Data entries:
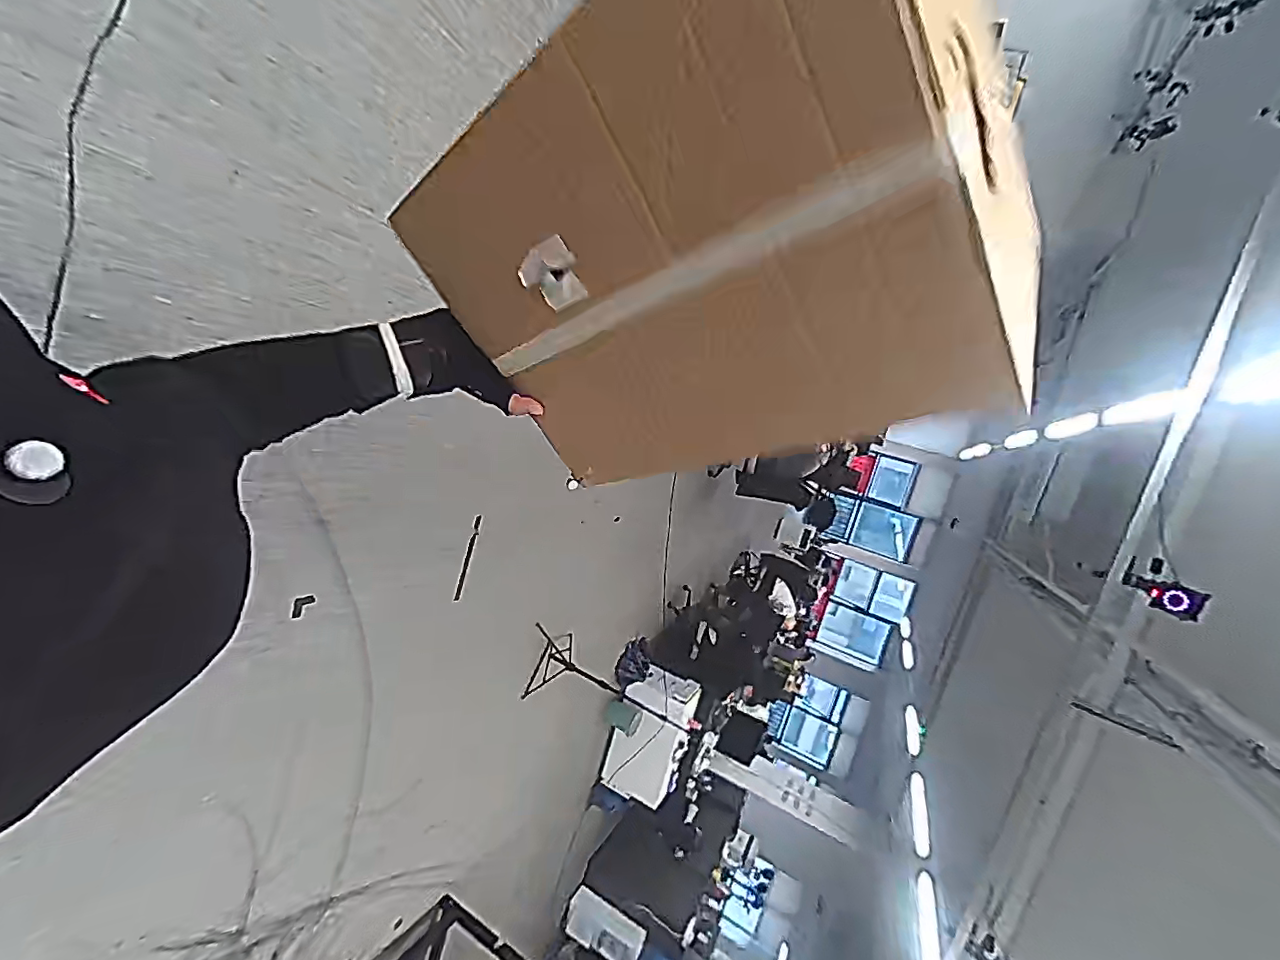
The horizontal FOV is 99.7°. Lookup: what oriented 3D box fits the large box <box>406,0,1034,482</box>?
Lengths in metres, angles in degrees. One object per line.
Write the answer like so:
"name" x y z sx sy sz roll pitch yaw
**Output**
"large box" 0.078 -0.222 0.493 0.320 0.408 0.320 -50 121 -35
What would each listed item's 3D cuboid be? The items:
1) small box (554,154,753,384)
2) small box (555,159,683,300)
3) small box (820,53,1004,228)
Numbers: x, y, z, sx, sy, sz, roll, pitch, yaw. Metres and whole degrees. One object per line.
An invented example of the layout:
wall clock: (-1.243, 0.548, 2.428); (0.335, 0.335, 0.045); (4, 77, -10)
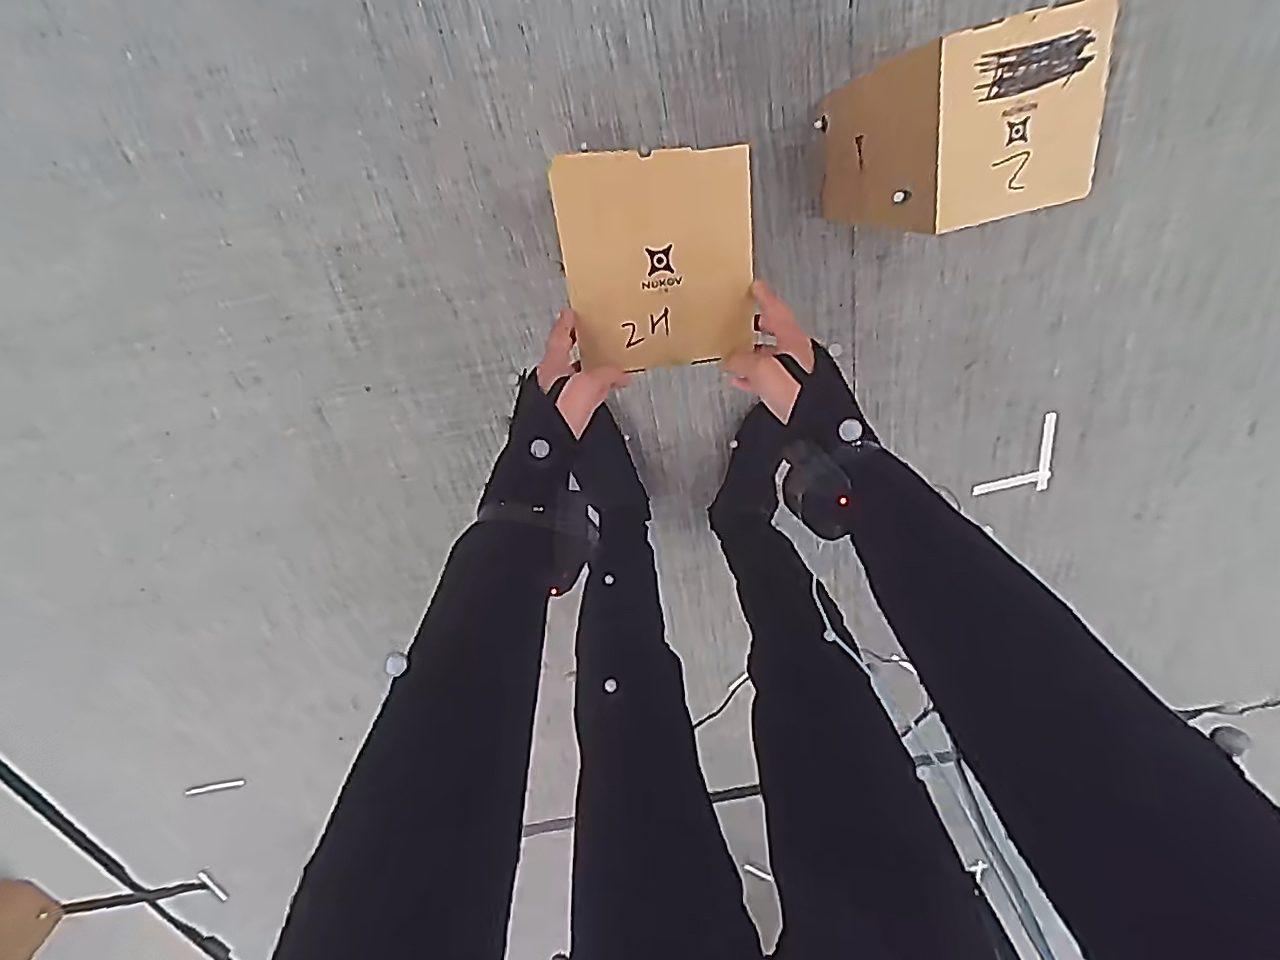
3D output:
small box: (0.011, -0.212, 0.544); (0.168, 0.176, 0.179); (-8, 118, -1)
small box: (-0.021, -0.363, 0.780); (0.179, 0.176, 0.168); (-4, 117, -1)
small box: (0.362, -0.459, 0.757); (0.179, 0.176, 0.168); (-13, 117, 1)
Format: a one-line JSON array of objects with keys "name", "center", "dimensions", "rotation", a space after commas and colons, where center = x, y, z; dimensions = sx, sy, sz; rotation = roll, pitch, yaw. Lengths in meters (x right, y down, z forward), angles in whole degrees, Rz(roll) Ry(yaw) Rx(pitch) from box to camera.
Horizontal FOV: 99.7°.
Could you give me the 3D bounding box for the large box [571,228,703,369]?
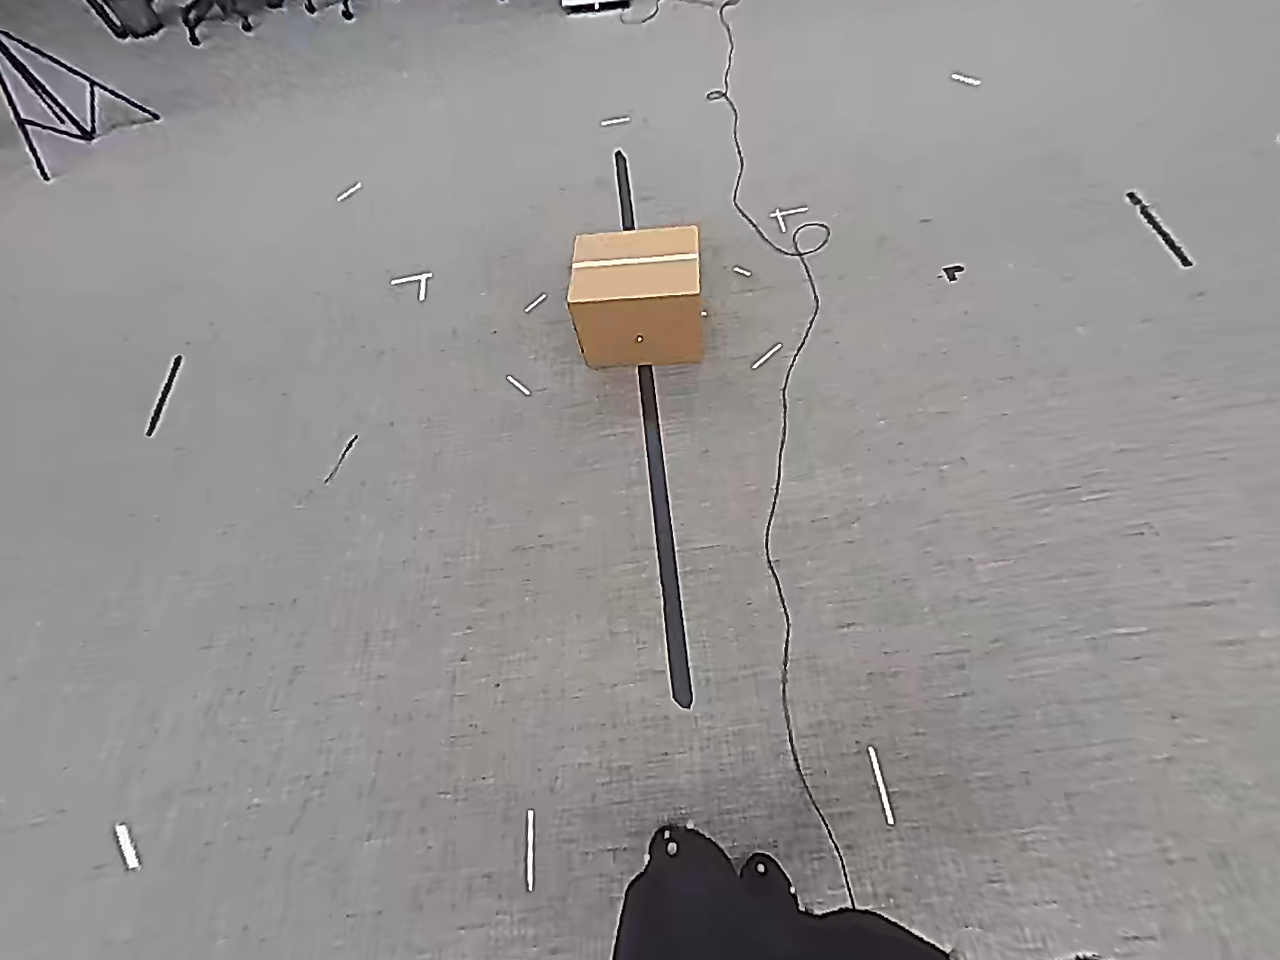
[{"name": "large box", "center": [0.003, -0.597, 1.811], "dimensions": [0.408, 0.320, 0.320], "rotation": [-2, 62, 7]}]

Task requirements:
Copy out, exactly and alone, the lines of the entries above between the ones holding "Lengths in metres, angles" and "2) small box (555,159,683,300)", inclusive.

The answer:
Lengths in metres, angles in degrees. One object per line.
Write the answer like so:
"name" x y z sx sy sz roll pitch yaw
**Output**
"large box" 0.078 -0.222 0.493 0.320 0.408 0.320 -50 121 -35
What would each listed item's 3D cuboid be? The items:
1) small box (554,154,753,384)
2) small box (555,159,683,300)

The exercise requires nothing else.